Tuesday, May 31, 2011

French

I prefer the french language when speaking about perfumes, it is much more expressive than english. My favorite term is used when describing the "chemistry" between two raw materials:

English would say, e.g. white pepper oil and osmanthus are smelling nice together or they are matching. French are using the expression "se marie bien", i.e. that white pepper oil and osmanthus are "well married".


Creation

Some of you are asking me if creation is a pleasure or rather suffering for me. It is kind of both, really.
The moments of inspiration are of course thrilling, but when despite hundreds of trials, the scent is not perfectly expressing the feelings it was created for, composing becomes frustrating.
In most of the cases, creating is therapy. Maybe not when I am asked to compose a very powerful smelling jasmine-pink pepper for a shower gel in India for X USD per kilograms, but it really is, when I transform my experiences, feelings and memories into scents.

It is therapy, when I create from this inner urge piling up in me during many days just to burst out with elementary forces to settle down into a pile of raw materials in a brown bottle. The urge is so strong that I usually get afraid of it and try ignoring for a few days, but I get more and more nervous, more and more disturbed, the stress coming directly from my stomach, which won't ease until I "weight it out" in essential oils on a balance.

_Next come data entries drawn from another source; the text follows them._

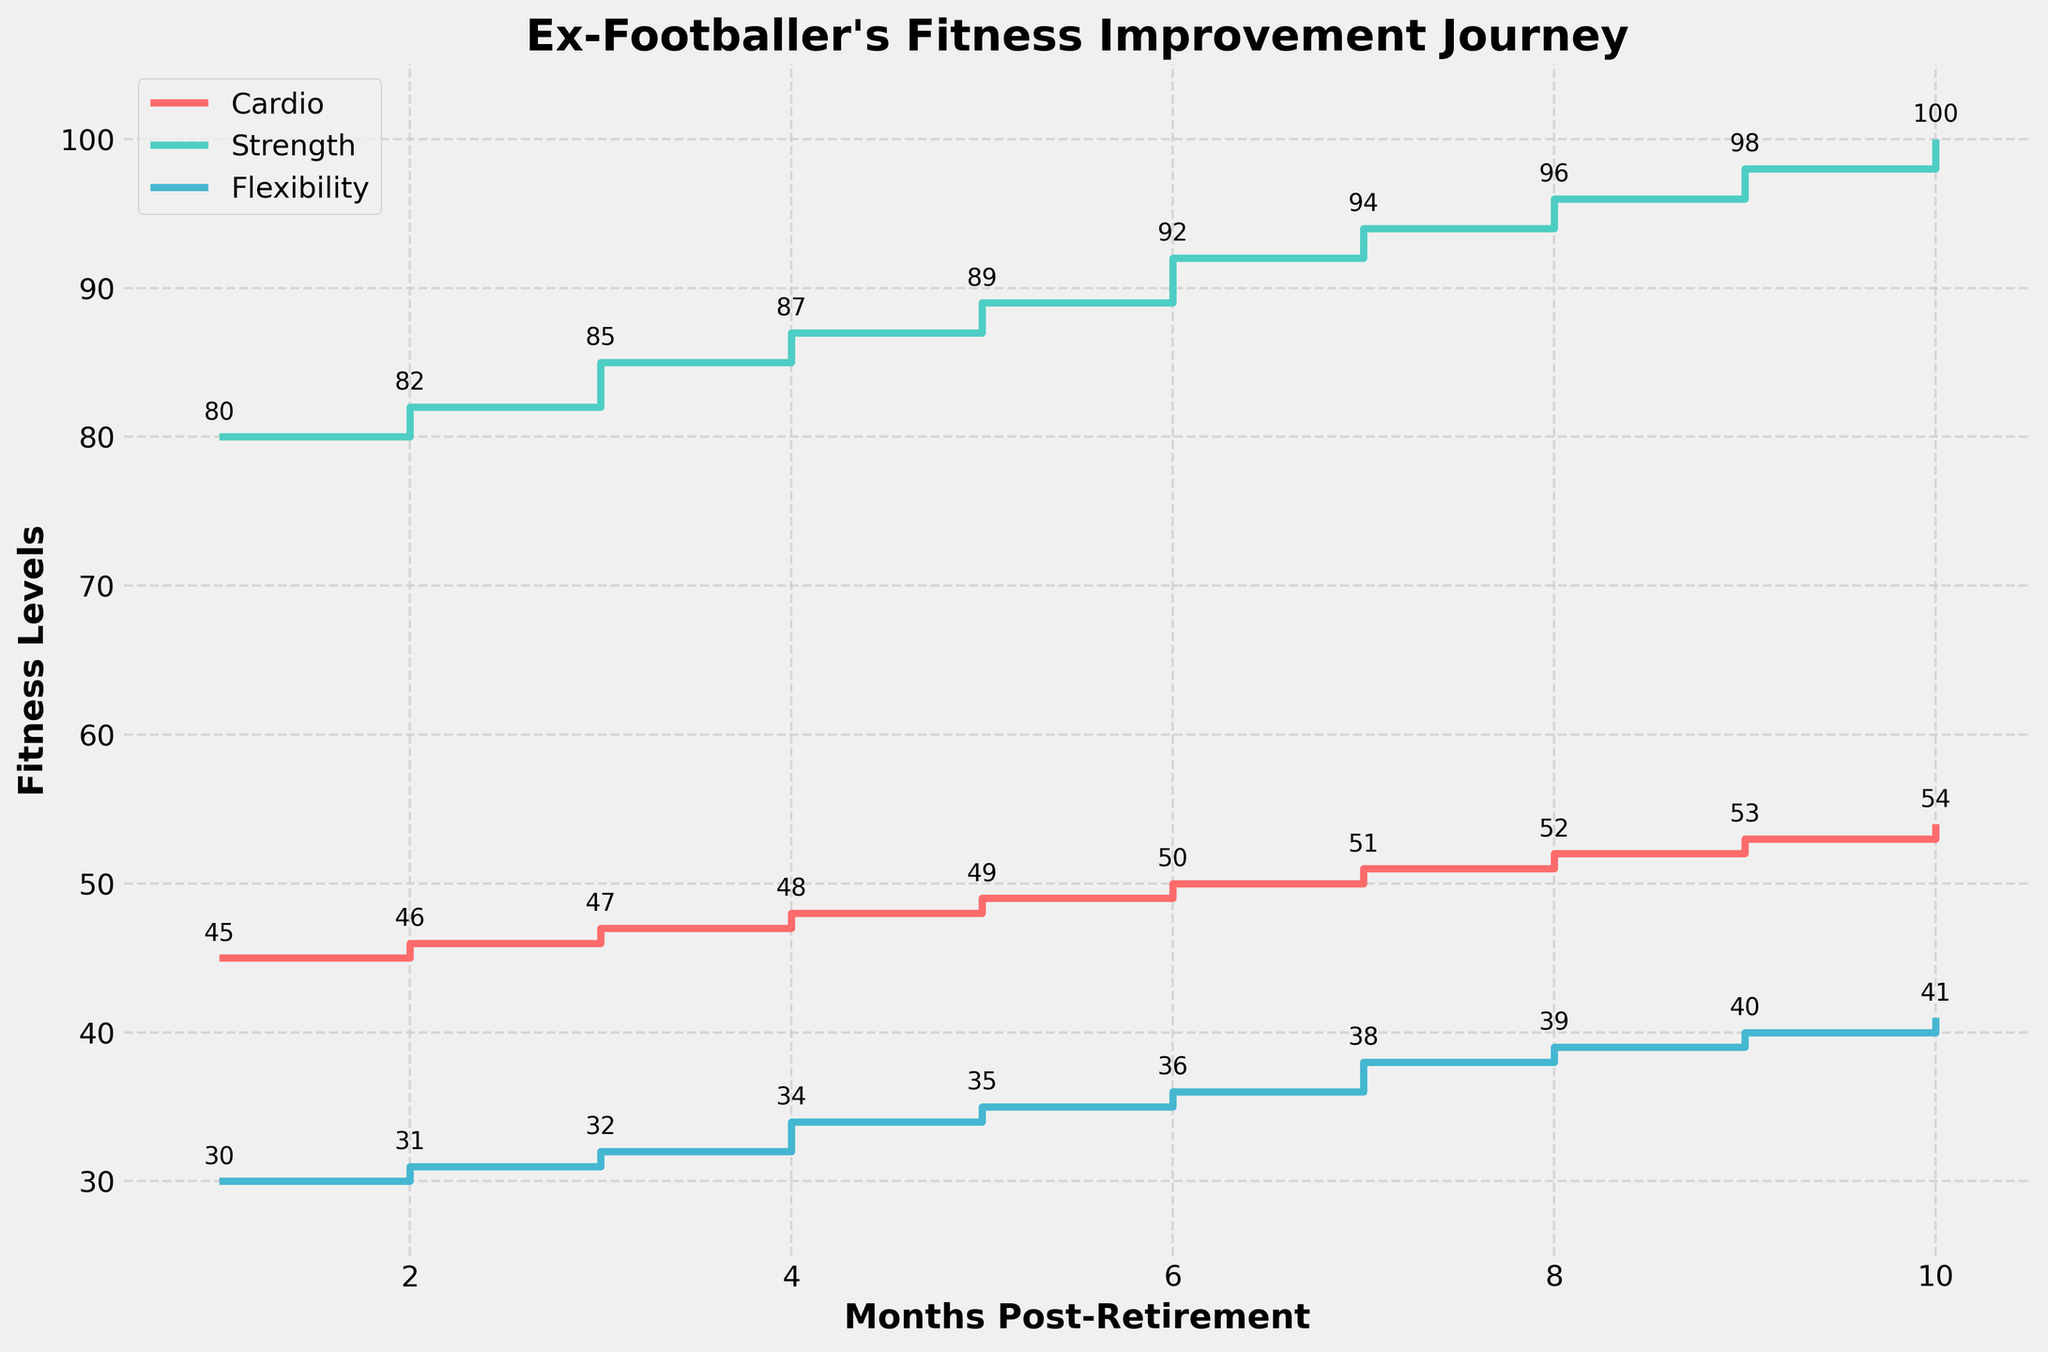What's the title of the figure? The title can be found at the top of the figure. It reads "Ex-Footballer's Fitness Improvement Journey."
Answer: Ex-Footballer's Fitness Improvement Journey What is the x-axis label? The x-axis label is placed horizontally at the bottom of the plot. It reads "Months Post-Retirement."
Answer: Months Post-Retirement How many total months are represented in the plot? The x-axis shows values from 1 to 10, indicating the number of months.
Answer: 10 What color is used to represent Flexibility? The color used for Flexibility is shown in the legend under the label "Flexibility" and also in the data line.
Answer: Blue What was the Strength Level (1RM Bench Press) at Month 5? Locate Month 5 on the x-axis and find the corresponding y-value for the Strength Level step line. The annotation also shows the value.
Answer: 89 What's the increase in Cardio Fitness Level (VO2 Max) from Month 1 to Month 10? The initial value at Month 1 is 45, and the final value at Month 10 is 54. The increase is calculated as 54 - 45.
Answer: 9 Which fitness metric showed the greatest improvement over 10 months? Compare the increases in Cardio Fitness Level (54-45), Strength Level (100-80), and Flexibility (41-30). The largest increase is in Strength Level by 20 units.
Answer: Strength Level How does the Flexibility value at Month 3 compare to that at Month 6? Find the Flexibility values at both months: 32 at Month 3 and 36 at Month 6. The difference is 36 - 32.
Answer: 4 units higher What was the average Cardio Fitness Level (VO2 Max) over the 10 months? Add all Cardio Fitness values: 45+46+47+48+49+50+51+52+53+54 and divide by 10.
Answer: 49.5 During which month did the Strength Level (1RM Bench Press) reach 94? Locate the y-value 94 on the Strength Level line and match it with the corresponding x-axis value.
Answer: Month 7 
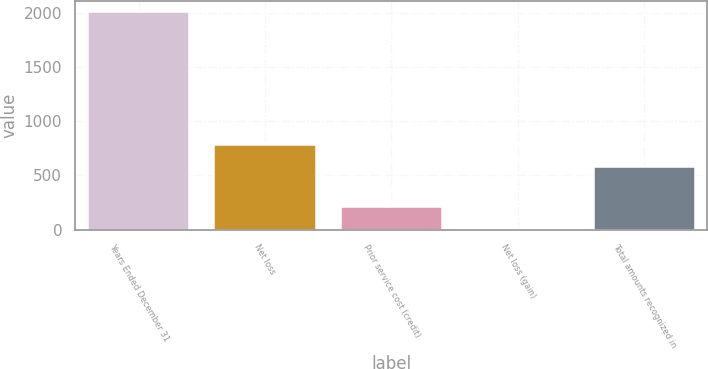Convert chart. <chart><loc_0><loc_0><loc_500><loc_500><bar_chart><fcel>Years Ended December 31<fcel>Net loss<fcel>Prior service cost (credit)<fcel>Net loss (gain)<fcel>Total amounts recognized in<nl><fcel>2012<fcel>782.5<fcel>207.5<fcel>7<fcel>582<nl></chart> 
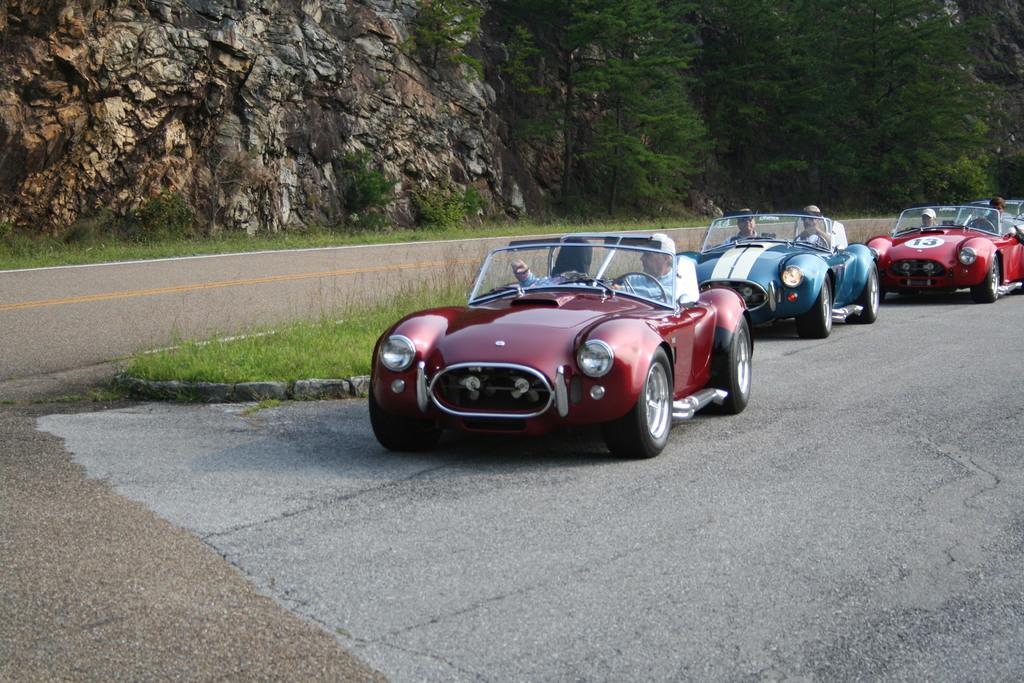What can be seen on the road in the image? There are cars on a road in the image. Who is inside the cars? People are seated in the cars. What else can be seen in the image besides the road with cars? There is another road visible in the image, as well as rocks and trees. What type of treatment is being administered to the lamp in the image? There is no lamp present in the image, so no treatment can be administered.

It's been a few days I am feeling melancholic and the melody of "mad world" constantly playing in my head. I came home after work, tried to postpone creation, feeling uncertain about it's outcome. I started with cleaning all the shelves. Then, I noted all the quantity of lab supplies at home, starting from pipettes to bottles and spatulas. Then, when there was nothing else to be done, I started to sharpen my pencils that I use for formulation.

I smoked the last cigarette I found in my apartment, and was enjoying feeling guilty. I still think that blowing out thick smoke from my lips is one of the best things in life. I was ready to make the juice. Inspired by the smoke of the cigarette, I added quickly vertyver to the formula I have drafted in my head already a couple of days ago.

It's been a few nights I have been dreaming with grisambrol, no question what mad world smells like.
Grasse gave me another push for creating a deviant perfume with sending dark clouds to quickly take over the arrogantly smiling sun. I would have been happy to hear a few thunders but getting an impromptu rainstorm is probably the maximum one can ask in the middle of the sunniest week of may in the French Riviera.

Grisambrol is a very animalic and ambery, dark and earthy. I put into the juice 500 over 1000. This would scare away any potent perfumer, and they are right, in theory, but I softened down the animalic part with bergamot and angelica root, which makes the perfume still dark but clean, deep but soft, earthy but fresh. The structure is very unusual, so it is more of a sillage than a typical mainstream perfume with well defined top/heart/base notes, but I prefer it this way.

Rain just stopped when I was done with my first trial. I still have a few hundreds to go and no more cigarettes.